Faisal Basri Jadi Saksi Pajak Asian Agri
VIVAnews - Pengamat ekonomi Faisal Basri menjadi saksi dari PT Asian Agri dalam kasus terdakwa Suwir Laut yang merupakan Manajer Pajak Asian Agri di Pengadilan Negeri Jakarta Pusat. Dalam kesaksiannya, Faisal menghitung besaran pajak lahan sawit seluas 100.000 hektare. Luas tersebut setara dengan luas kebun milik Asian Agri.
Menurut Faisal dalam waktu empat tahun, pajak kelapa sawit dengan luas kebun 100.000 hektare yaitu sebesar Rp378 miliar. Nilai tersebut berbeda jauh dengan perhitungan Jaksa Penuntut Umum senilai Rp1,259 triliun.
Dasar perhitungannya adalah per hektare kelapa sawit menghasilkan empat ton minyak sawit. Harga minyak sawit per ton senilai US$350, sehingga satu hektare kelapa sawit dapat menghasilkan US$ 1.400 atau setara Rp 12,6 juta. Dipotong pajak sebesar 30 persen, maka per hektare kelapa sawit dikenai pajak sebesar Rp945.000.
"Jika luas kebun sawit 100.000 hektare, maka pajaknya Rp94,5 miliar per tahun, sehingga dalam empat tahun total pajaknya Rp378 miliar," ujar Faisal, Kamis 27 Oktober 2011.
Sementara itu, saksi lainnya, ahli akuntansi dari Universitas Gajah Mada (UGM), Sumiyana menyatakan bahwa konfirmasi dalam audit investigasi harus dilakukan.
"Jika sumber audit tersebut dibatasi, maka pendapatnya harus disclaimer (tidak memberikan pendapat). Konfirmasi dalam audit investigasi ini penting, karena jika tidak ada konfirmasi, laporan hasil audit tersebut tidak dapat dipercaya," ungkapnya.
Audit Terbatas
Sebelumnya, Kepala Subdirektorat Investigasi Badan Pengawasan Keuangan dan Pembangunan (BPKP), Juniver Sinaga, mengatakan audit investigasi yang dilakukannya terhadap 14 anak perusahaan Asian Agri hanya dibatasi pada data yang diberikan oleh Jaksa Penuntut Umum (JPU).

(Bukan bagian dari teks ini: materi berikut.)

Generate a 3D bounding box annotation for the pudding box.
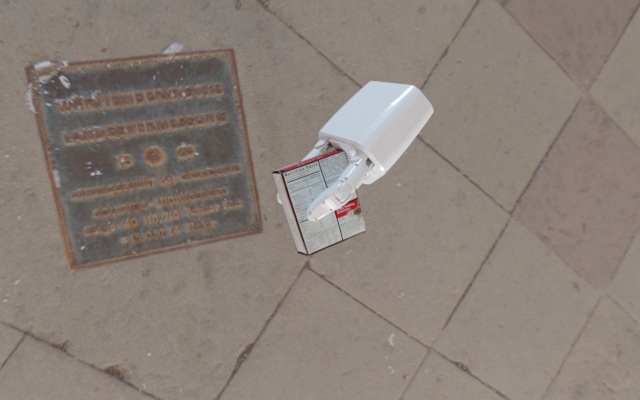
[{"bbox_3d":[0.000,0.002,0.597,0.090,0.113,0.039,-21,10,-19],"label":"pudding box"}]
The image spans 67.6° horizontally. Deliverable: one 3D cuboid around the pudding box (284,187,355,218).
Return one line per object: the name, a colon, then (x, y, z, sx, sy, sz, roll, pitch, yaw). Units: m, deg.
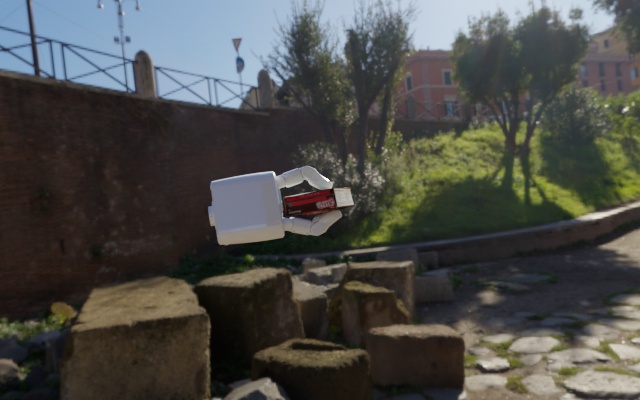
pudding box: (0.000, 0.003, 0.816, 0.090, 0.039, 0.113, -9, 0, 19)
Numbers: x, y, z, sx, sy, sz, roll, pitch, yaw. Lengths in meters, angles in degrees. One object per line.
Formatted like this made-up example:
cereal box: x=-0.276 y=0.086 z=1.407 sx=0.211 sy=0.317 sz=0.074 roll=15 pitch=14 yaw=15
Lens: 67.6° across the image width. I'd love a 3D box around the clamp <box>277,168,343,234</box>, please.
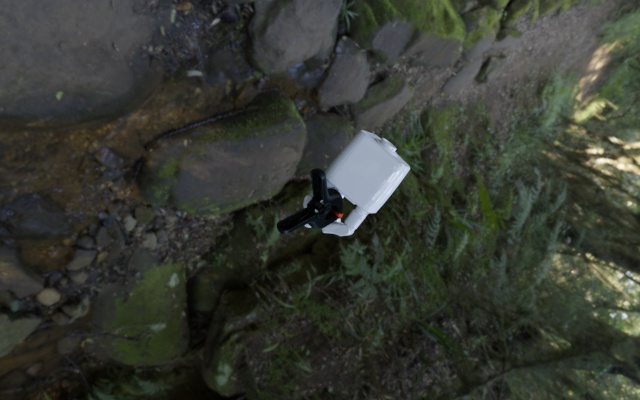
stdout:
clamp: x=0.001 y=0.003 z=0.821 sx=0.039 sy=0.120 sz=0.171 roll=42 pitch=18 yaw=20
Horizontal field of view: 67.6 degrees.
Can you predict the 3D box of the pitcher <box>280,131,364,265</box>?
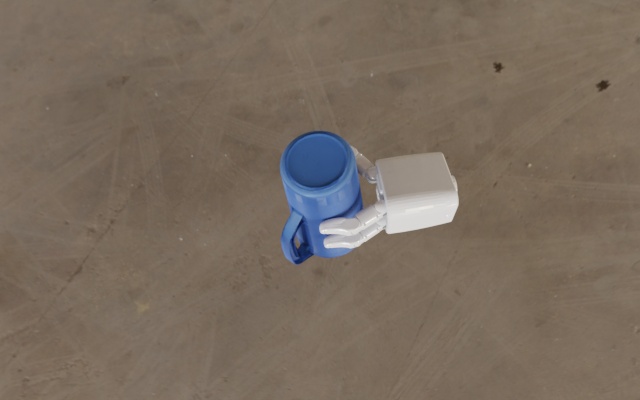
[{"bbox_3d":[0.000,0.002,0.769,0.145,0.149,0.243,-7,-25,3],"label":"pitcher"}]

Karena itu, investigasi tersebut dilakukan tanpa konfirmasi kepada perusahaan penghasil minyak sawit tersebut. Hasil audit investigasi BPKP yang dilakukan dalam kurun waktu 40 hari tersebut menyimpulkan bahwa telah terjadi kerugian pada pendapatan negara sebesar Rp1,29 triliun.
Seperti diketahui, Suwir Laut didakwa dengan pasal 39 ayat 1 huruf c Undang-Undang Nomor 16 tahun 2000 tentang Pajak. Suwir Laut dituding menyampaikan SPT yang tidak benar atau tidak lengkap untuk tahun 2002 hingga 2005 yang berakibat pada kerugian negera senilai Rp 1,259 triliun.
Ia terancam hukuman maksimal kurungan penjara enam tahun dan denda empat kali dari nilai kerugian negara. Sidang akan dilanjutkan Kamis, 3 November 2011 dengan agenda keterangan terdakwa, Suwir Laut.